**WHAT IS REQUIRED:** Calculate how many lines in the following records hold the word "Return", and report that number without comment.

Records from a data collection
Segment Open
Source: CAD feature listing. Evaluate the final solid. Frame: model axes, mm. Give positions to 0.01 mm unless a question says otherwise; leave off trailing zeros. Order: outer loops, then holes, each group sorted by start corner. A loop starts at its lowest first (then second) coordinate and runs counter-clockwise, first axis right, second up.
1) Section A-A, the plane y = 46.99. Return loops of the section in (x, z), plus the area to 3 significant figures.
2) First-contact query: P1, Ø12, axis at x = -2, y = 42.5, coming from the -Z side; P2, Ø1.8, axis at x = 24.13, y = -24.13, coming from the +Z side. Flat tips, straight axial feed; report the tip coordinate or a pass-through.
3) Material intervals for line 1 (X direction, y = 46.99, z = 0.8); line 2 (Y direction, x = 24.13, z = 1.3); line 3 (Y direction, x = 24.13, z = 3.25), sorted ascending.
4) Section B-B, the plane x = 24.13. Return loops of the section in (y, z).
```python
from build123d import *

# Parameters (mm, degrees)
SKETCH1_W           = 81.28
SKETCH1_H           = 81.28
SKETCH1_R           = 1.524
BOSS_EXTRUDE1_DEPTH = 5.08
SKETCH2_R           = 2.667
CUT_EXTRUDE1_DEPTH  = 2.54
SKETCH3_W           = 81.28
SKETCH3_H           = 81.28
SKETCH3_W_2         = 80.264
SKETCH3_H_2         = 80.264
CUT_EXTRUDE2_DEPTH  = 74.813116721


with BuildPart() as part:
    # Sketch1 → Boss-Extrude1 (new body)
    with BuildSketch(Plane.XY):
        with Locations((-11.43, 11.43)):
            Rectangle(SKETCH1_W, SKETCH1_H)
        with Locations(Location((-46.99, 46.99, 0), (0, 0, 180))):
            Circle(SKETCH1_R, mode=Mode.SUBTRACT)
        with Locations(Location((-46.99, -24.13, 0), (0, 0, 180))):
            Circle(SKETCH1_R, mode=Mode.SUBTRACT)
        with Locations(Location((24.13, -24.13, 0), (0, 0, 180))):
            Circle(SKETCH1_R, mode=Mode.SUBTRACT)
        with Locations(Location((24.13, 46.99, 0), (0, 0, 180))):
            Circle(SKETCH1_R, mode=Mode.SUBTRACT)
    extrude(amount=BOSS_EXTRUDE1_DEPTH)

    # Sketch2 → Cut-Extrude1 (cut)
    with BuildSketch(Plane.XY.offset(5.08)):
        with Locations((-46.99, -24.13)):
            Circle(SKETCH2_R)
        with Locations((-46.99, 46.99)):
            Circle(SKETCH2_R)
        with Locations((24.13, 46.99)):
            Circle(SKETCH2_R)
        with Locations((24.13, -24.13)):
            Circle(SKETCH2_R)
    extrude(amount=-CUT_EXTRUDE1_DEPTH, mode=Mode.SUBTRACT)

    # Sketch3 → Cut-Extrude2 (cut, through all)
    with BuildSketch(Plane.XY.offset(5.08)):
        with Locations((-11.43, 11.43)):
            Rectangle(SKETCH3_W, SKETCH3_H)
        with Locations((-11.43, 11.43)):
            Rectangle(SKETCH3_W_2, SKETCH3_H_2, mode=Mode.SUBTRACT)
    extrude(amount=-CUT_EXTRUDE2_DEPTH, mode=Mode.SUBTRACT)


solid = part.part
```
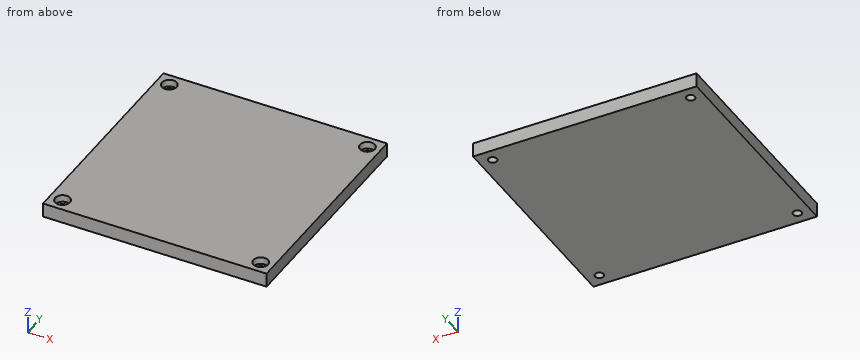
From the geometry:
1. outline: (-51.56, 0) - (-48.51, 0) - (-48.51, 2.54) - (-49.66, 2.54) - (-49.66, 5.08) - (-51.56, 5.08) - close; (-45.47, 0) - (22.61, 0) - (22.61, 2.54) - (21.46, 2.54) - (21.46, 5.08) - (-44.32, 5.08) - (-44.32, 2.54) - (-45.47, 2.54) - close; (25.65, 0) - (28.7, 0) - (28.7, 5.08) - (26.8, 5.08) - (26.8, 2.54) - (25.65, 2.54) - close
1. area: 365 mm2
2. P1: stops at z = 0
2. P2: passes through
3. line 1: x = -51.56 to -48.51, -45.47 to 22.61, 25.65 to 28.7
3. line 2: y = -28.7 to -25.65, -22.61 to 45.47, 48.51 to 51.56
3. line 3: y = -28.7 to -26.8, -21.46 to 44.32, 49.66 to 51.56
4. outline: (-28.7, 0) - (-25.65, 0) - (-25.65, 2.54) - (-26.8, 2.54) - (-26.8, 5.08) - (-28.7, 5.08) - close; (-22.61, 0) - (45.47, 0) - (45.47, 2.54) - (44.32, 2.54) - (44.32, 5.08) - (-21.46, 5.08) - (-21.46, 2.54) - (-22.61, 2.54) - close; (48.51, 0) - (51.56, 0) - (51.56, 5.08) - (49.66, 5.08) - (49.66, 2.54) - (48.51, 2.54) - close
Segment Closed
**YOUR SOLUTION:** 2